Defining the new normal

For nearly seven years there was one date indelibly stamped in the minds of people planning for Whistler's future and their future in Whistler. February 2010 shaped and focused decisions on spending, staffing, building and capacity at municipal hall, Tourism Whistler, Whistler Blackcomb and most other businesses in town. There would be a bright future after the Olympics but Whistler had to be prepared to put on a great show for the world in February 2010 to take full advantage.

And we did. And now we're trying to figure out what to focus on in the post-Olympic, post-recession period.

There seems to be a longing to get back to "normal" in Whistler, to return to the good times, before the economy nosedived in 2008, to when hotels didn't have to discount rooms 10 months of the year.

It's a dream that overlooks reality in most of the Western world today.

At the provincial, state and federal levels, governments in Canada, the U.S., the U.K. and virtually every other industrialized country are facing deficits and long-term debt problems. And few seem to have a plan to resolve their financial woes. Most are simply relying on growth in the economy to turn the situation around. While that is part of a plan, more and more economists are pointing out that it is not going to be enough.

Globe and Mail columnist Jeffrey Simpson wrote last weekend that the Western world is entering a very different, difficult period.

"Two trends of enormous consequence are washing over the world: the restructuring of Western economies to deal with debts, and the new balance of power and influence caused by the new relations between lenders and borrowers."

At some point, as the Greeks are discovering, governments either have to cut expenses, raise taxes or a combination of the two.

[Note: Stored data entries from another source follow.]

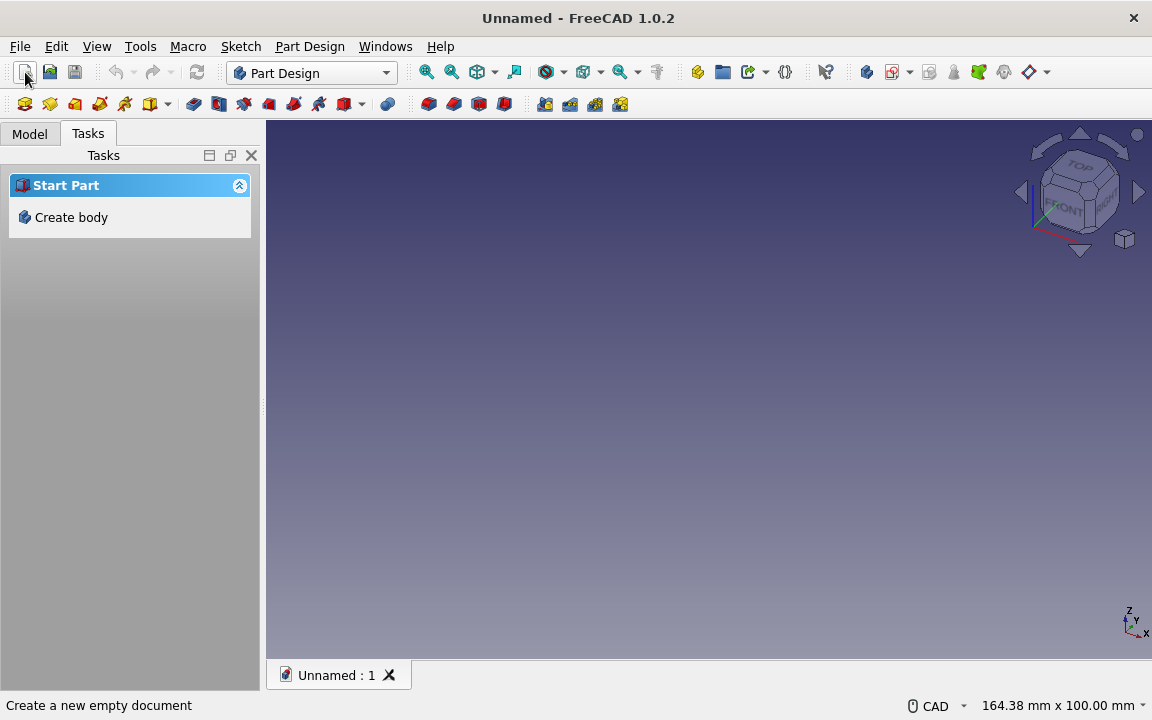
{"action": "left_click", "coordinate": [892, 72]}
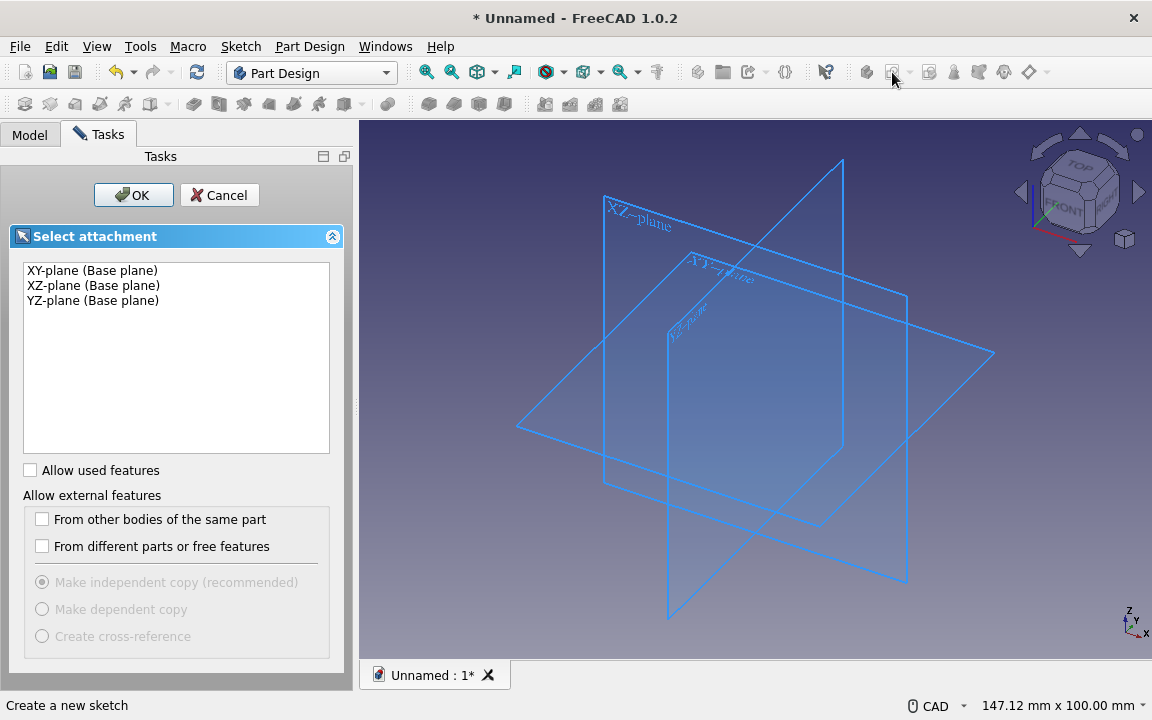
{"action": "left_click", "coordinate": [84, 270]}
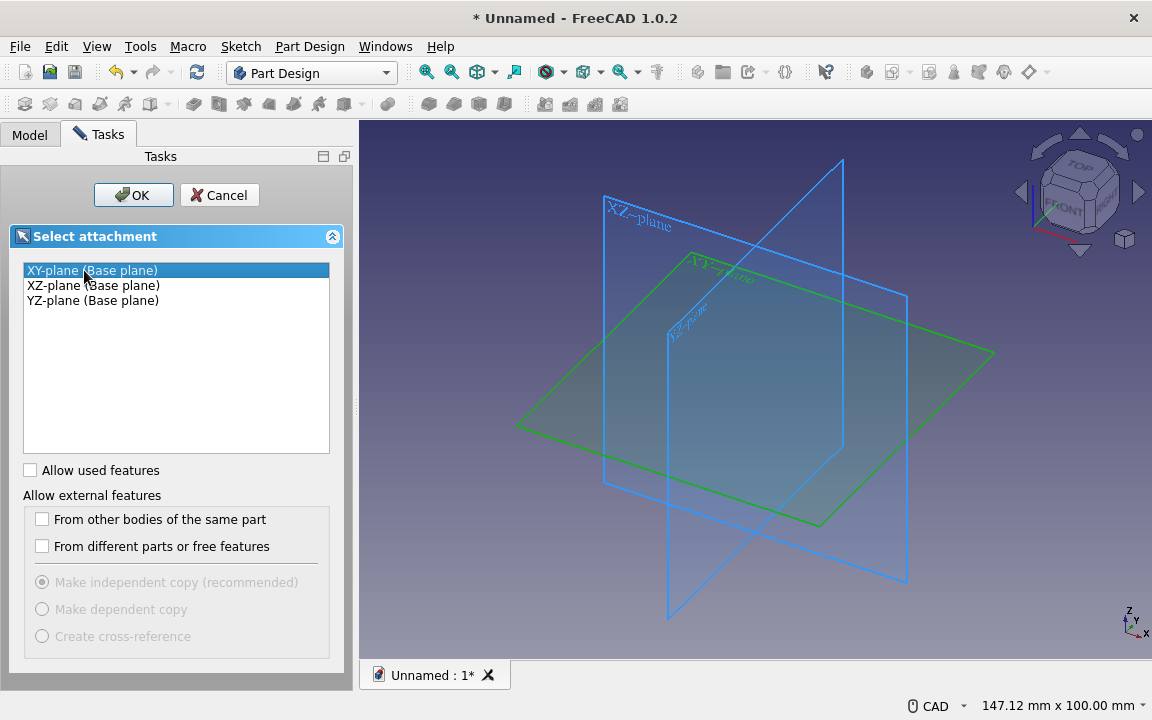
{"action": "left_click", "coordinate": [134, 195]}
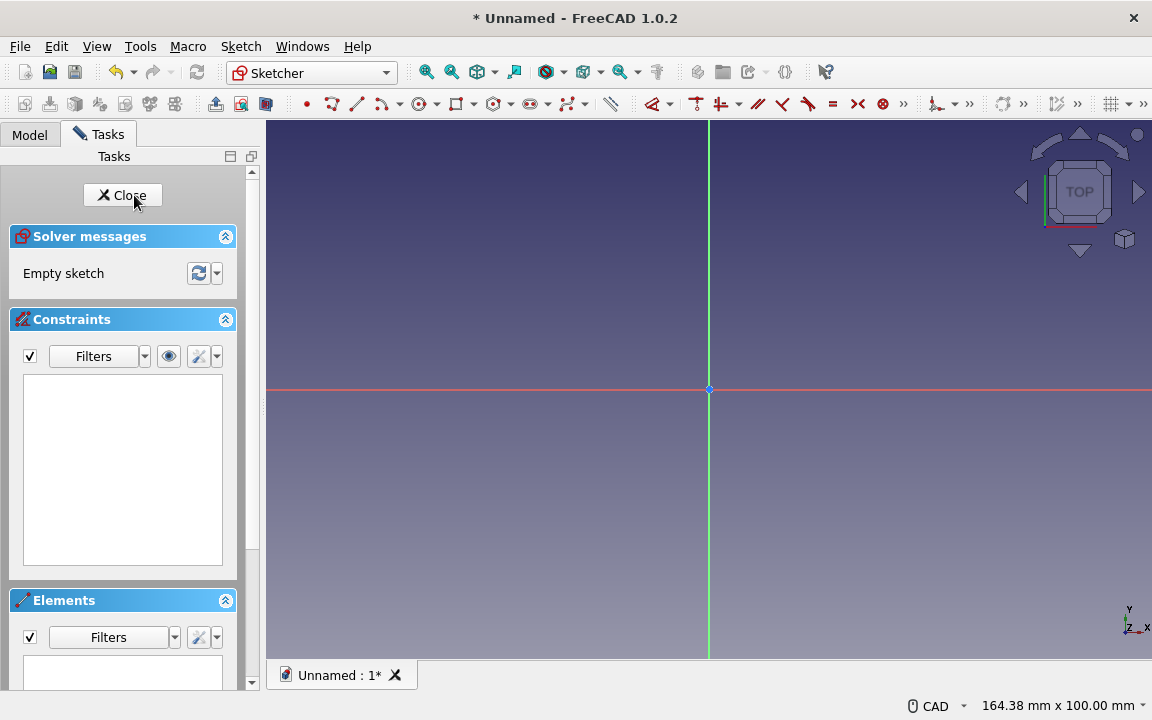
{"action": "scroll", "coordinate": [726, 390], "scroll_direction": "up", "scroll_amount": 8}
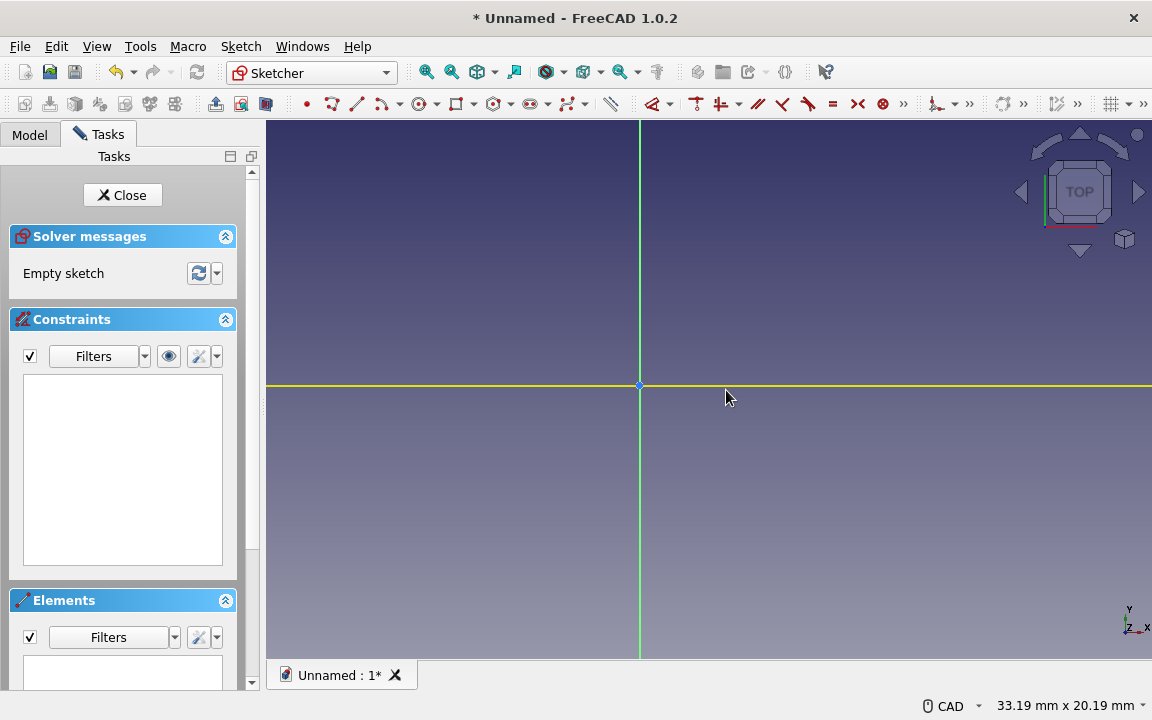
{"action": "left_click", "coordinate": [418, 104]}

They have to do this because health care costs have been rising steadily and will continue to do so as baby boomers age and obesity grows. In B.C., health care now accounts for more than 45 per cent of the provincial budget. And it's still not enough. The situation is similar in provinces across Canada.

At the same time education costs are increasing, infrastructure is aging, there is demand for more energy and more services. Governments are not going to be able to do it all, as we're starting to see. Difficult choices have to be made. They will be felt in areas like daycare, physical education and the arts. Those types of cuts, along with tax increases, have an impact on people's time and money, which affects their ability to vacation in a place like Whistler.

With the level of borrowing, inflation is also a concern. Inflation will add to the cost of paying off government, business and personal debts.

And unemployment remains relatively high - 10 per cent in the United States and across Europe, ranging from 3.5 per cent in Norway to 19 per cent in Spain. In Canada, the U.K. and Germany it's about eight per cent.

None of this bodes well for a place like Whistler. We're not going to see the people or the spending that were around in the mid-90s or mid-2000s because money and, increasingly, time aren't as plentiful.

So where does Whistler focus its efforts?

One of Whistler's largest, perhaps its most overriding business problem, has to do with scale. There are more beds than can be filled on a regular basis. And many other businesses in town are based on the premise that the beds will be filled. At times - Christmas, Easter/spring break, the Olympics - occupancy levels are close to capacity. But that's not enough to carry businesses through the year.

The financial constraints that governments, and by extension consumers, are facing are not going to be resolved quickly. And that's going to hamper destination tourism.

So where does that leave Whistler? Is the answer more convention business? Cultural tourism? Day trippers? Education? Catering to part-time residents in the hope they spend more time here? Building interest among immigrants and ethnic groups that don't come from a mountain culture?

Economics and demographics suggest there isn't going to be a return to a pre-Olympic "normal." So how do we define the new normal for Whistler?